Problem

Recently, I encountered a problem when writing a SQL, and the execution time of SQL was too long:

1
2
3
4
5
6
7
8
9
10
11
12
13
14
15
16
17
select
'A' as type,
count(adl.is_attend) as count,
round(sum(case when adl.is_attend = 1 then 1 else 0 end)/ count(adl.is_attend),2) * 100 as rate
from
attendance adl
inner join (select deptId from department start with deptId = '...'
connect by up_daptId = prior deptId) as nbd on adl.deptId = nbd.deptId
where
to_date(adl.date,'yyyy-MM-dd') >= to_date( #{begin_date}
,'yyyy-MM-dd')
and to_date(adl.date,'yyyy-MM-dd') <= to_date( #{end_date}
,'yyyy-MM-dd')

union all

......

The above code is a SQL code used in combination with Union. The other parts of the code are very similar to this part of the code, except that the department id in the inner join statement and type in the select statement. The total running time of the code reaches about 110s, and the running time of a single SQL code is about 18s, which can be said runtime is too long.

In addition, #{begin_date} and #{end_date} are the parameters that will be passed in by the backend respectively, and are used for dynamic query.

Optimization

First analyze the most immediate question - why is the running time so long?

In fact, the problem here is not very complicated. There are more than 13 million pieces of data in the attendance table. The huge amount of data takes about 20 seconds for even the most basic and simple query.

In addition, the department table that needs to be associated is a recursive join, which will query all the small departments under the given deptId, and the query here is also time-consuming.

So, how to solve the problem?

Solution 1: First of all, the problem of data volume is unsolvable. It is impossible for us to say that a certain piece of data is directly discarded. Moreover, our where condition has already limited the time, so there is actually a certain limit on the data volume. Therefore, the first idea of optimization is on Join:

Recursive Join is a very time-consuming operation, so we can directly think of building an index on deptId-in fact, this is the correct idea, and the running time of indexing is directly optimized from 18S to 2S.

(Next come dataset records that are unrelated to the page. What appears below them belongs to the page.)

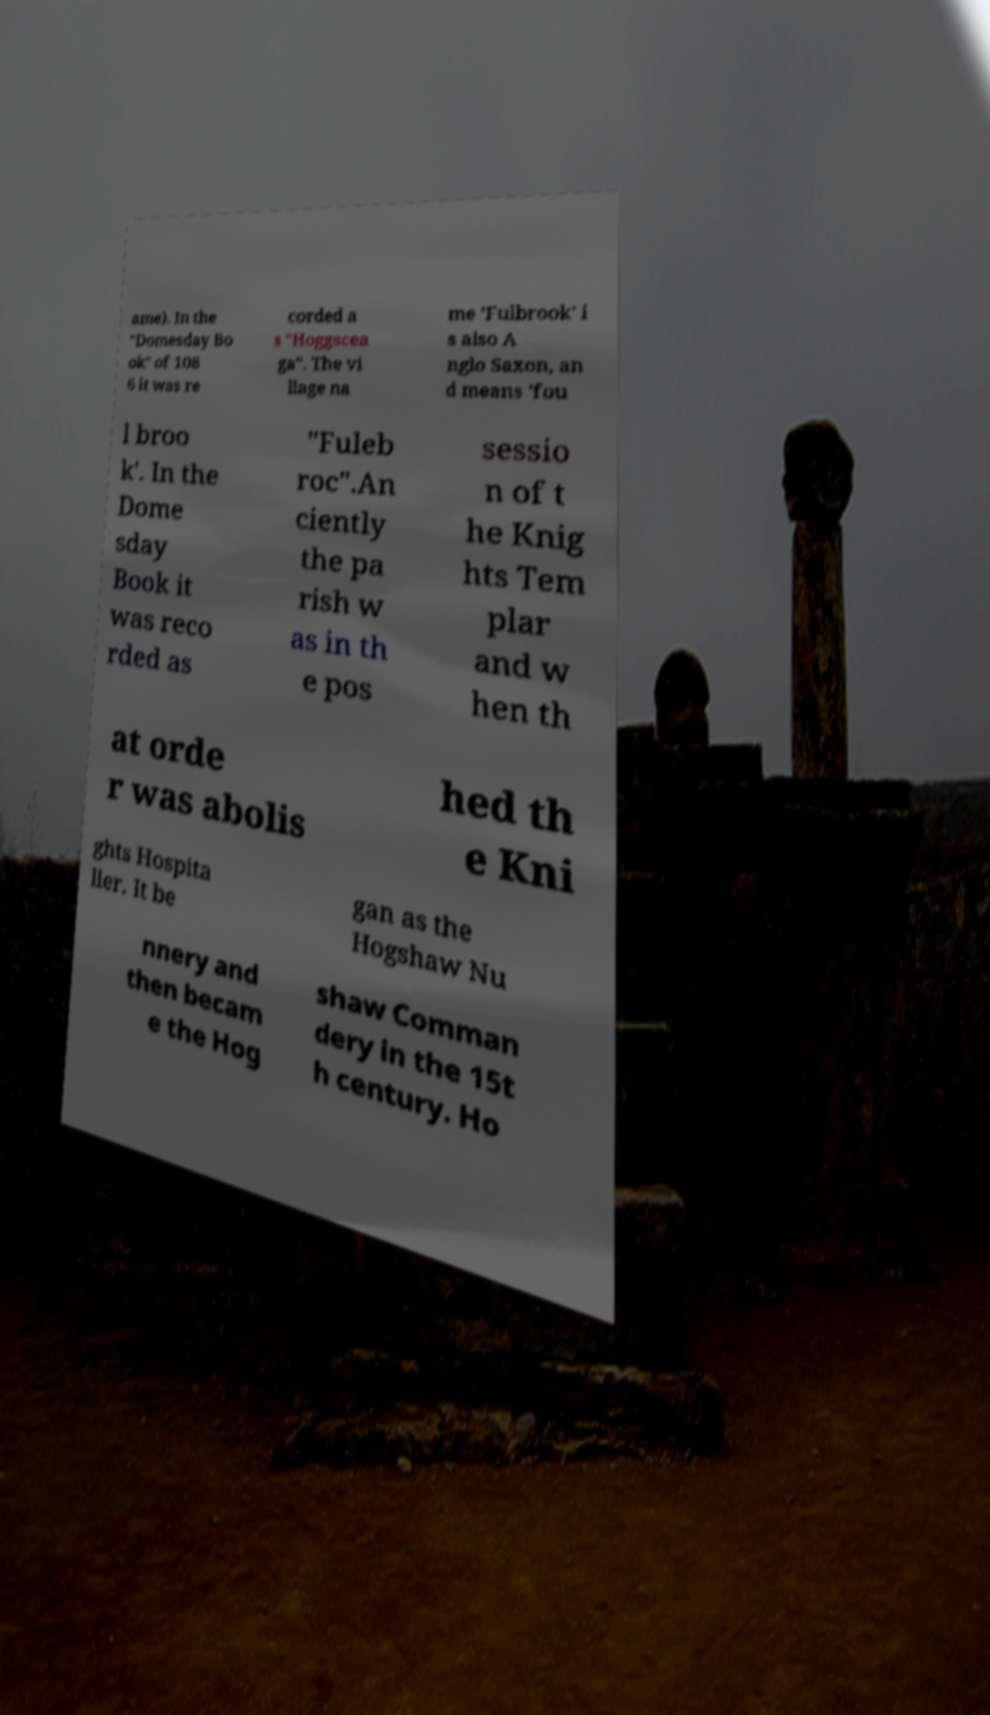What messages or text are displayed in this image? I need them in a readable, typed format. ame). In the "Domesday Bo ok" of 108 6 it was re corded a s "Hoggscea ga". The vi llage na me 'Fulbrook' i s also A nglo Saxon, an d means 'fou l broo k'. In the Dome sday Book it was reco rded as "Fuleb roc".An ciently the pa rish w as in th e pos sessio n of t he Knig hts Tem plar and w hen th at orde r was abolis hed th e Kni ghts Hospita ller. It be gan as the Hogshaw Nu nnery and then becam e the Hog shaw Comman dery in the 15t h century. Ho 
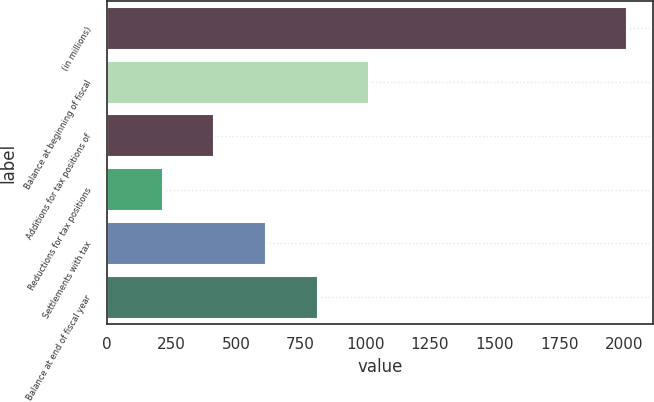Convert chart. <chart><loc_0><loc_0><loc_500><loc_500><bar_chart><fcel>(in millions)<fcel>Balance at beginning of fiscal<fcel>Additions for tax positions of<fcel>Reductions for tax positions<fcel>Settlements with tax<fcel>Balance at end of fiscal year<nl><fcel>2014<fcel>1015<fcel>415.6<fcel>215.8<fcel>615.4<fcel>815.2<nl></chart> 
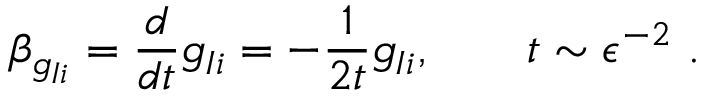Convert formula to latex. <formula><loc_0><loc_0><loc_500><loc_500>\beta _ { g _ { I i } } = \frac { d } { d t } g _ { I i } = - \frac { 1 } { 2 t } g _ { I i } , \quad t \sim \epsilon ^ { - 2 } .</formula> 
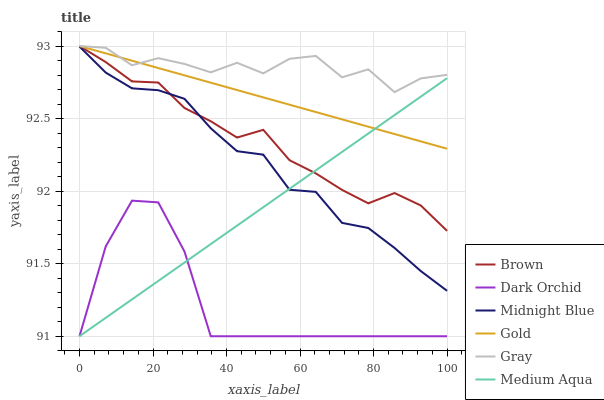Does Dark Orchid have the minimum area under the curve?
Answer yes or no. Yes. Does Gray have the maximum area under the curve?
Answer yes or no. Yes. Does Midnight Blue have the minimum area under the curve?
Answer yes or no. No. Does Midnight Blue have the maximum area under the curve?
Answer yes or no. No. Is Gold the smoothest?
Answer yes or no. Yes. Is Gray the roughest?
Answer yes or no. Yes. Is Midnight Blue the smoothest?
Answer yes or no. No. Is Midnight Blue the roughest?
Answer yes or no. No. Does Dark Orchid have the lowest value?
Answer yes or no. Yes. Does Midnight Blue have the lowest value?
Answer yes or no. No. Does Gray have the highest value?
Answer yes or no. Yes. Does Midnight Blue have the highest value?
Answer yes or no. No. Is Dark Orchid less than Gold?
Answer yes or no. Yes. Is Gold greater than Midnight Blue?
Answer yes or no. Yes. Does Medium Aqua intersect Gold?
Answer yes or no. Yes. Is Medium Aqua less than Gold?
Answer yes or no. No. Is Medium Aqua greater than Gold?
Answer yes or no. No. Does Dark Orchid intersect Gold?
Answer yes or no. No. 
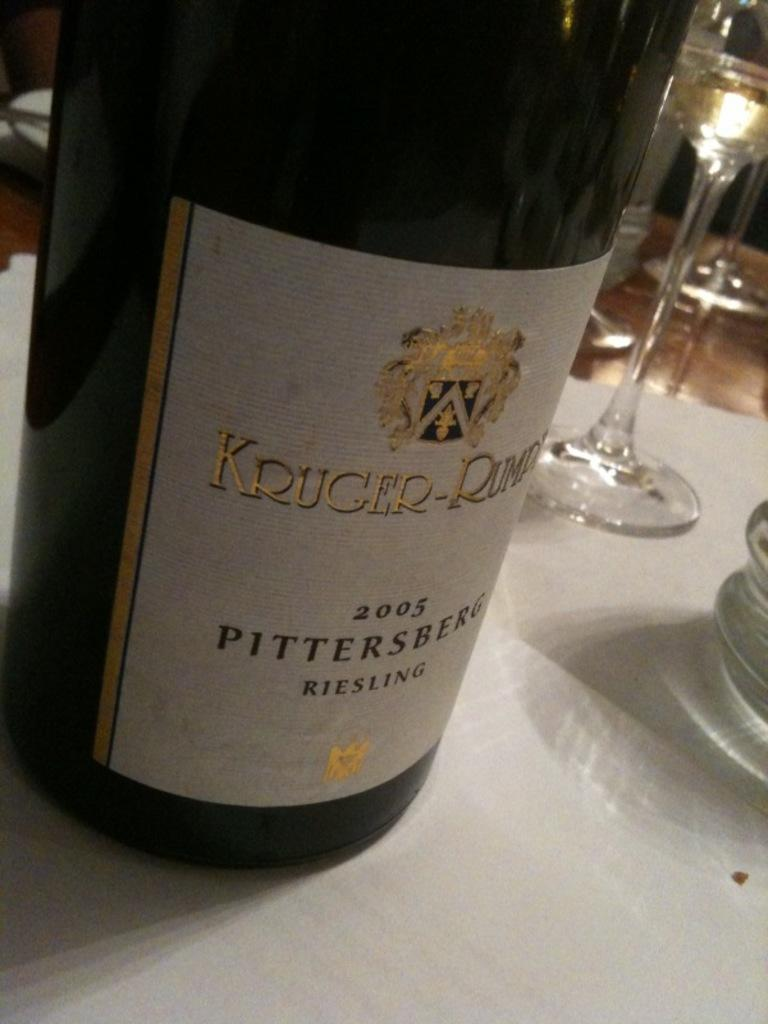What is present in the image that can hold liquids? There is a bottle and glasses in the image that can hold liquids. Where are the bottle and glasses located in the image? The bottle and glasses are on a platform in the image. How does the honey interact with the bottle and glasses in the image? There is no honey present in the image, so it cannot interact with the bottle and glasses. 
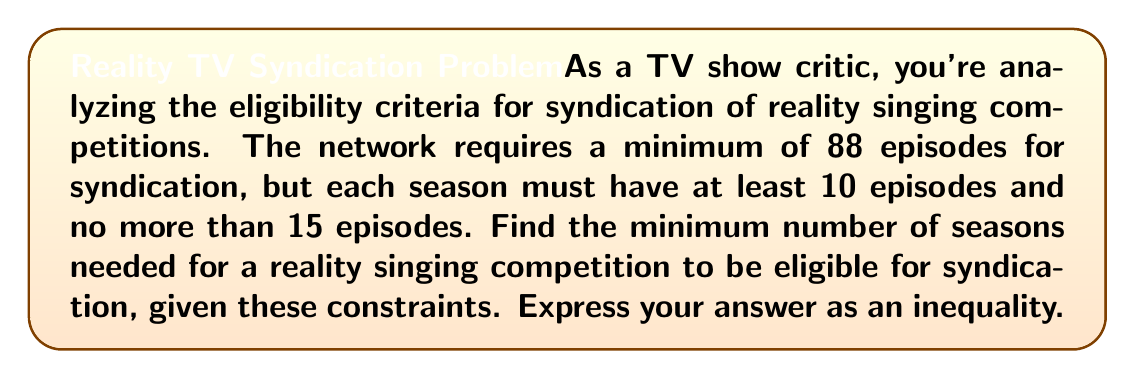Provide a solution to this math problem. Let's approach this step-by-step:

1) Let $x$ be the number of seasons.

2) Given that each season must have at least 10 episodes and no more than 15 episodes, we can express the total number of episodes as:

   $10x \leq \text{total episodes} \leq 15x$

3) For syndication, we need at least 88 episodes. So:

   $10x \leq 88 \leq 15x$

4) Let's focus on the left inequality: $10x \leq 88$
   Dividing both sides by 10:
   $x \leq 8.8$

5) Now, the right inequality: $88 \leq 15x$
   Dividing both sides by 15:
   $5.8666... \leq x$

6) Combining these inequalities:
   $5.8666... \leq x \leq 8.8$

7) Since $x$ represents the number of seasons, it must be a whole number. The smallest whole number greater than or equal to 5.8666... is 6.

Therefore, the minimum number of seasons needed is 6.

We can verify:
6 seasons * 15 episodes/season = 90 episodes, which is ≥ 88.
5 seasons * 15 episodes/season = 75 episodes, which is < 88.
Answer: $x \geq 6$, where $x$ is the number of seasons. 
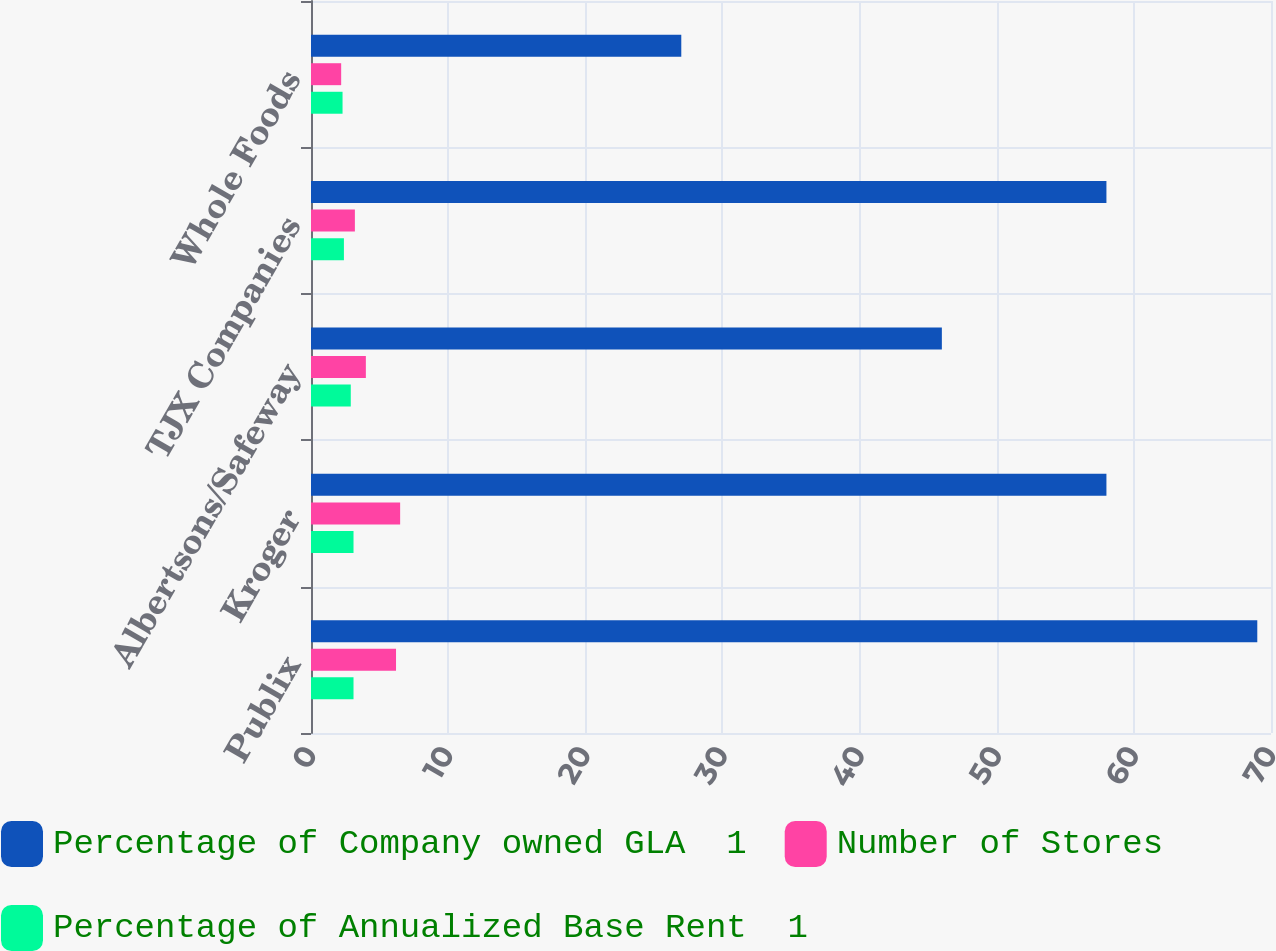Convert chart. <chart><loc_0><loc_0><loc_500><loc_500><stacked_bar_chart><ecel><fcel>Publix<fcel>Kroger<fcel>Albertsons/Safeway<fcel>TJX Companies<fcel>Whole Foods<nl><fcel>Percentage of Company owned GLA  1<fcel>69<fcel>58<fcel>46<fcel>58<fcel>27<nl><fcel>Number of Stores<fcel>6.2<fcel>6.5<fcel>4<fcel>3.2<fcel>2.2<nl><fcel>Percentage of Annualized Base Rent  1<fcel>3.1<fcel>3.1<fcel>2.9<fcel>2.4<fcel>2.3<nl></chart> 
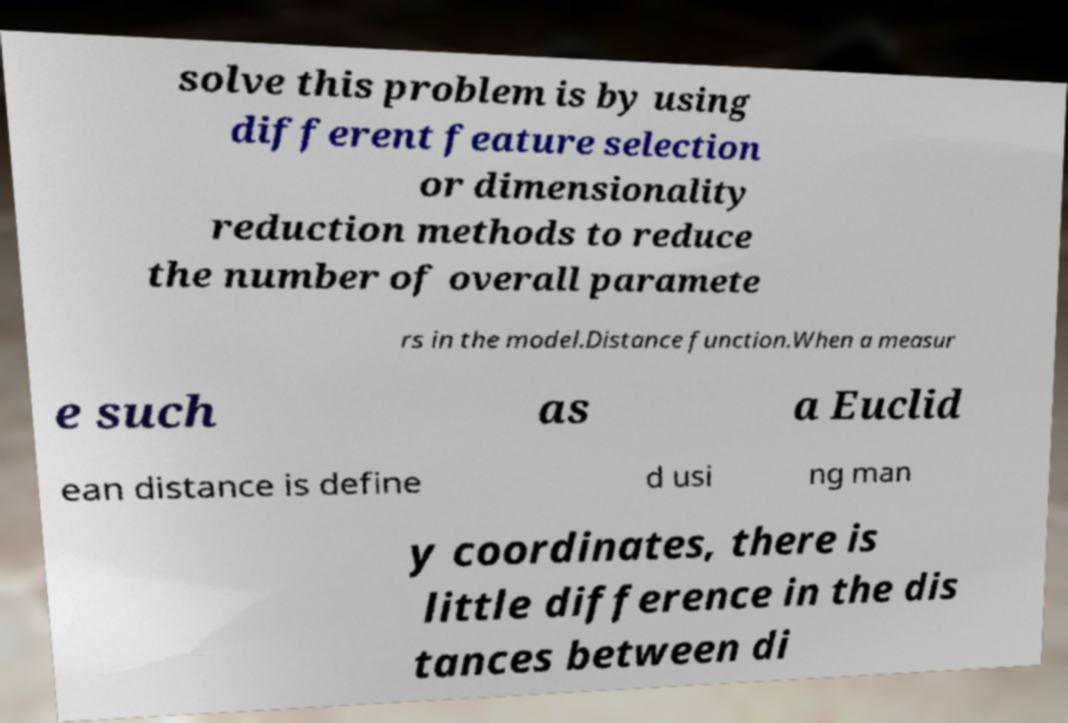Please identify and transcribe the text found in this image. solve this problem is by using different feature selection or dimensionality reduction methods to reduce the number of overall paramete rs in the model.Distance function.When a measur e such as a Euclid ean distance is define d usi ng man y coordinates, there is little difference in the dis tances between di 
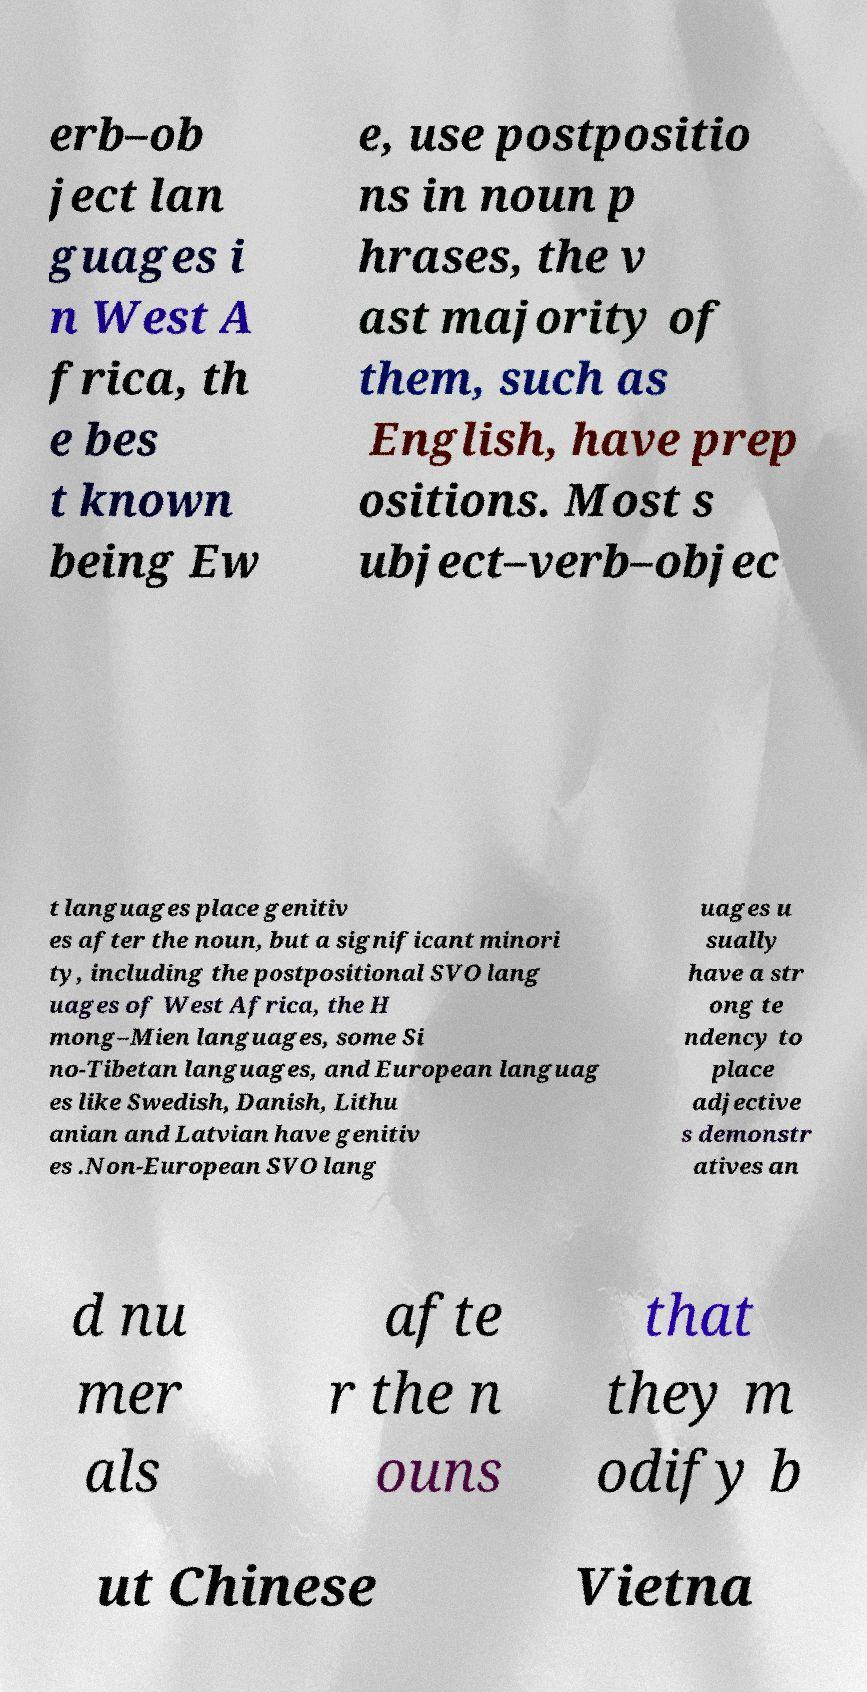Please identify and transcribe the text found in this image. erb–ob ject lan guages i n West A frica, th e bes t known being Ew e, use postpositio ns in noun p hrases, the v ast majority of them, such as English, have prep ositions. Most s ubject–verb–objec t languages place genitiv es after the noun, but a significant minori ty, including the postpositional SVO lang uages of West Africa, the H mong–Mien languages, some Si no-Tibetan languages, and European languag es like Swedish, Danish, Lithu anian and Latvian have genitiv es .Non-European SVO lang uages u sually have a str ong te ndency to place adjective s demonstr atives an d nu mer als afte r the n ouns that they m odify b ut Chinese Vietna

Solution 2: Here can also optimize the query condition of where:

The to_date function is used when the date is limited. In fact, when only comparing the year, month, and day, we can directly not use this function for string comparison. This is because Oracle SQL’s Data Priority will implicitly convert low-priority strings to date formats. Here, through implicit conversion, the running time can be continuously optimized, from 2S to 1S.

But note, this is risky - first, implicit data type conversion may have a negative impact on performance (of course here is a positive); also, implicit conversion may produce strange results. Depending on the value of the NLS_DATE_FORMAT parameter.

When converting a datetime value to text via an implicit conversion or an explicit conversion that does not specify a format model, the format model is defined by one of the globalization session parameters, namely NLS_DATE_FORMAT, NLS_TIMESTAMP_FORMAT, or NLS_TIMESTAMP_TZ_FORMAT.

For example, the default value of the NLS_DATE_FORMAT setting is 'DD-MON-RR' two-digit year, so the century time may be lost when the date is converted to a string, and replaced by 1900 or 2000 when converted back to a date based on the decade value; and assuming that the original time has some minutes and seconds, this data will also be lost.

In conclusion, different parameters may have different results.

So, considering that the optimization of Solution 2 is not necessary, I still keep the date function.